In an alternative embodiment, the data format information includes data interface information; the data processing module comprises:
the data interface configuration submodule is used for inputting the data interface information into a pre-configured data processing tool, and the data processing tool configures the data interface information to obtain data interface configuration information; the data interface configuration information is configuration information used for selecting a plurality of data tables from the service data to be combined or selecting a plurality of subareas and/or barrel fields to be combined.
In an optional embodiment, the data format information further includes interface list information; the data processing module further comprises:
the interface list configuration submodule is used for inputting the interface list information into the data processing tool, and the data processing tool configures the interface list information to obtain interface list configuration information; the interface list configuration information is configuration information used for performing data authority control on the service data or filtering invalid data in the service data.

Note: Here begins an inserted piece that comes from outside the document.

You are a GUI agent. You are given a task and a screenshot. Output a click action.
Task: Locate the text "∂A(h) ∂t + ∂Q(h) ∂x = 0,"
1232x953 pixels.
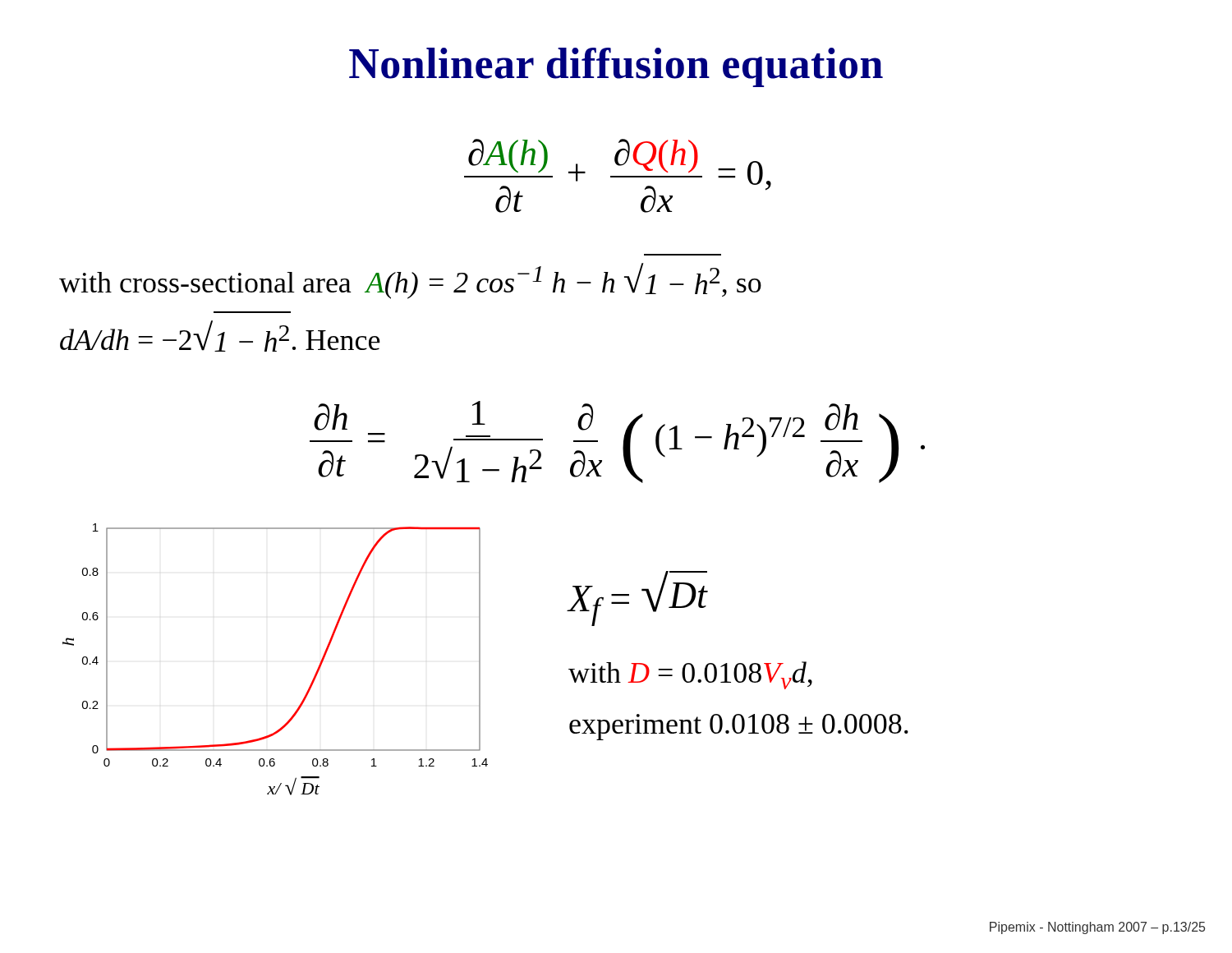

In an alternative embodiment, the interface list information includes information for configuring an interface; the data processing tool comprises a pasting layer configuration module; the interface list configuration submodule includes:
the configuration interface information import unit is used for importing information for configuring an interface into the source layer configuration module and exporting the source layer configuration information from the source layer configuration module interface; the source layer configuration information comprises at least one of configuration information for data loading on the outer surface, configuration information for data processing on the inner surface, data quality management configuration information, data acquisition configuration information and interface export configuration information.
In an alternative embodiment, the interface list information includes information for configuring a data model; the data processing tool includes a common process layer configuration module; the interface list configuration sub-module further includes:
the configuration data model information import unit is used for importing information for configuring a data model into the common processing layer configuration module, and exporting the common processing layer configuration information through the common processing layer configuration module interface; the common processing layer configuration information includes at least one of data common processing configuration information and interface structure configuration information.
In an alternative embodiment, the interface list information includes information for interface subscriptions; the data processing tool comprises an interface subscription management configuration module; the interface list configuration sub-module further includes:
the interface subscription information importing unit is used for importing the information for interface subscription into the interface subscription management configuration module, and exporting the interface subscription management configuration information by the interface subscription management configuration module; the interface subscription management configuration information includes at least one of data offload configuration information and data distribution configuration information.
In an optional embodiment, the apparatus further comprises:
the verification module is used for verifying the information for configuration in the data format information according to predefined verification logic;
the verification failure module is used for sending out prompt information of verification failure if the information for configuration does not accord with the verification logic;
and the verification success module is used for inputting the data format information into a pre-configured data processing tool for processing to obtain a target operation configuration template if the information for configuration conforms to the verification logic.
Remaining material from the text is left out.